Another major change in the second half of the twentieth century was in the composition of the academic staff: it became progressively more international. Until the 1930s the great majority had been doubly indigenous, being Irish-born and Dublin University graduates, including many who returned, like Ernest Walton who came back from Cambridge in 1934 and shared the Nobel Prize for Physics in 1951, arising out of his work two decades earlier on splitting the atom. The dominance of indigenous graduates in the academic community had all but disappeared by the 1980s, and the increasingly cosmopolitan character of the College helped drive change in the curriculum, in research, and in the general appetite for innovation across the institution. And there was meanwhile an utter transformation in the scale of the academic community, from the modest group of 125 who had made up the total academic staff in 1950.

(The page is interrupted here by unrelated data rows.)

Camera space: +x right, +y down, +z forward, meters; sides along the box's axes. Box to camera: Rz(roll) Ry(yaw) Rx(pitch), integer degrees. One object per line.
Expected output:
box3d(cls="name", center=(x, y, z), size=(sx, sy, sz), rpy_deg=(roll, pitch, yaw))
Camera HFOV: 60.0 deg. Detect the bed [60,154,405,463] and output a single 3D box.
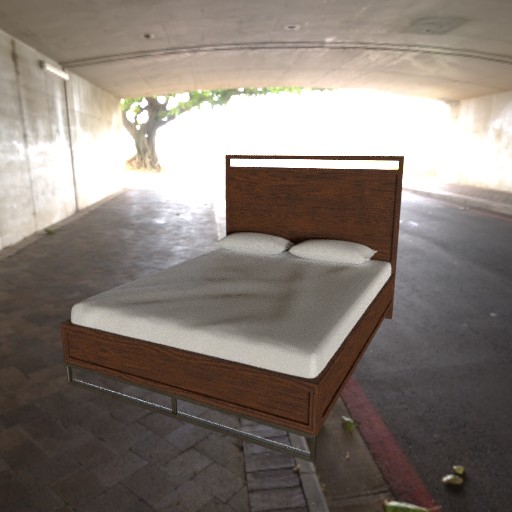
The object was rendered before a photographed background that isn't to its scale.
box3d(cls="bed", center=(0.000, 0.000, 3.406), size=(1.765, 1.487, 2.218), rpy_deg=(7, 15, 26))
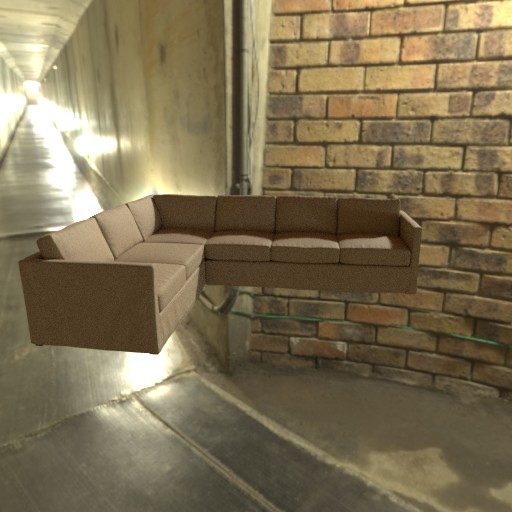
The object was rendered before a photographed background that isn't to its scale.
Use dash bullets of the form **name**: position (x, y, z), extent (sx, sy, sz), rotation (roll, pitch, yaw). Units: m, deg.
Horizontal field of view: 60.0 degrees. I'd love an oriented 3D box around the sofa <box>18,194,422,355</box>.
- **sofa**: position (0.000, 0.000, 4.228), extent (3.182, 0.871, 2.432), rotation (2, 16, 6)
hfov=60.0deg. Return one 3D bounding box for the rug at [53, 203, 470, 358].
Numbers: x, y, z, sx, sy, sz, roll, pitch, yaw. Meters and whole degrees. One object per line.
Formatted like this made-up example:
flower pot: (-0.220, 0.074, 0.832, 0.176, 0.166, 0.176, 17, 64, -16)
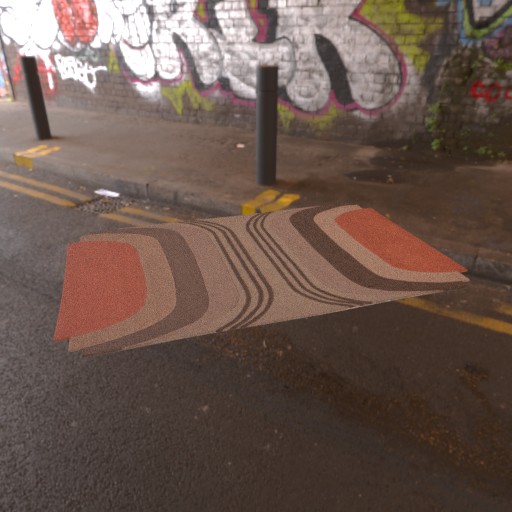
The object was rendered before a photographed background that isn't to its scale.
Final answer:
rug: (0.000, 0.000, 2.991, 2.446, 0.017, 1.530, -8, 28, -15)

In terms of physical development since that time, the College contributed to the small stock of fine modernist architecture in Dublin, beginning with the Berkeley Library (1965-6), the Arts Building (1977-8), the O’Reilly Institute (1989), the Dental Hospital (1995-8), the Ussher Library (1999-2001) and the Long Room Hub (2008-10). But by 2000 the College had begun to burst out of its campus home, what with a huge expansion of its halls of residence off campus and with Nursing, Drama, and the Social Sciences putting down new roots a short distance away. But the most ambitious construction project in the College’s history, the Trinity Biomedical Sciences Institute in Pearse St (2008-11), has become the strongest physical statement of the College’s outward movement. The opening of this development, which now houses five academic schools, coincided with the development of the Trinity Academic Medical Centre, an alliance between the university and its two main teaching hospitals, St James’s and AMNCH, Tallaght. And west along Pearse St, the Science Gallery was opened in 2008 as part of the new Naughton Institute: within a short time the Gallery became a highly successful centre for ‘science outreach’ and art-science collaboration, exploiting to the full the potential for creative interaction between college and capital city. Science Gallery Dublin held its final exhibition in January 2022. Strategic redevelopment along Pearse St is continuing, notably with the construction of a new Business School, completed in 2019, which was followed by a major new student residential block built further west along Pearse St on the campus perimeter and opened in 2022.
Through times of turmoil as well as progress, Trinity has been the crucible for change across more than four centuries. Today, as Trinity imagines the world in the 21st century, it seeks to inspire new generations in new ways.